-- Exercise prompt --
Nothing but an exact copy of the listing should be given.

-- Information shown --
* * * *

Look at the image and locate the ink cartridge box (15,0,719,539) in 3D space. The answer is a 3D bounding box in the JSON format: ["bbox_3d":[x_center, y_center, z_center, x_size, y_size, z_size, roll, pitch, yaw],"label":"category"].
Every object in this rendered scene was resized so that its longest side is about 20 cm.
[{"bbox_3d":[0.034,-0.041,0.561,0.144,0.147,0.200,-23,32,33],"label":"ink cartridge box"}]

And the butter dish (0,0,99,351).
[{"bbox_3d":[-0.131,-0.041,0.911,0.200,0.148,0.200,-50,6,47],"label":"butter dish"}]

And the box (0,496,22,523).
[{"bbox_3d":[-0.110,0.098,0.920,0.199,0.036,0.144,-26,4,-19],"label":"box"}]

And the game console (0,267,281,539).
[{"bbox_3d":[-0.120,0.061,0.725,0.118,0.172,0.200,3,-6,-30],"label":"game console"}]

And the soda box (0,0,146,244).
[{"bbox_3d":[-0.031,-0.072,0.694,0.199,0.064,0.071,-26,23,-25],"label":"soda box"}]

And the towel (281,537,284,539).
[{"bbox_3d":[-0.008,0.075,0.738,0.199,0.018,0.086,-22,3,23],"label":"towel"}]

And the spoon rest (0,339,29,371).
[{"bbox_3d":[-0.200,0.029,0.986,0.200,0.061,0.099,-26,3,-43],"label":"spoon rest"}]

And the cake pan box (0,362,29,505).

* * * *

-- Answer space --
Look at the image and locate the ink cartridge box (15,0,719,539) in 3D space. The answer is a 3D bounding box in the JSON format: ["bbox_3d":[x_center, y_center, z_center, x_size, y_size, z_size, roll, pitch, yaw],"label":"category"].
Every object in this rendered scene was resized so that its longest side is about 20 cm.
[{"bbox_3d":[0.034,-0.041,0.561,0.144,0.147,0.200,-23,32,33],"label":"ink cartridge box"}]

And the butter dish (0,0,99,351).
[{"bbox_3d":[-0.131,-0.041,0.911,0.200,0.148,0.200,-50,6,47],"label":"butter dish"}]

And the box (0,496,22,523).
[{"bbox_3d":[-0.110,0.098,0.920,0.199,0.036,0.144,-26,4,-19],"label":"box"}]

And the game console (0,267,281,539).
[{"bbox_3d":[-0.120,0.061,0.725,0.118,0.172,0.200,3,-6,-30],"label":"game console"}]

And the soda box (0,0,146,244).
[{"bbox_3d":[-0.031,-0.072,0.694,0.199,0.064,0.071,-26,23,-25],"label":"soda box"}]

And the towel (281,537,284,539).
[{"bbox_3d":[-0.008,0.075,0.738,0.199,0.018,0.086,-22,3,23],"label":"towel"}]

And the spoon rest (0,339,29,371).
[{"bbox_3d":[-0.200,0.029,0.986,0.200,0.061,0.099,-26,3,-43],"label":"spoon rest"}]

And the cake pan box (0,362,29,505).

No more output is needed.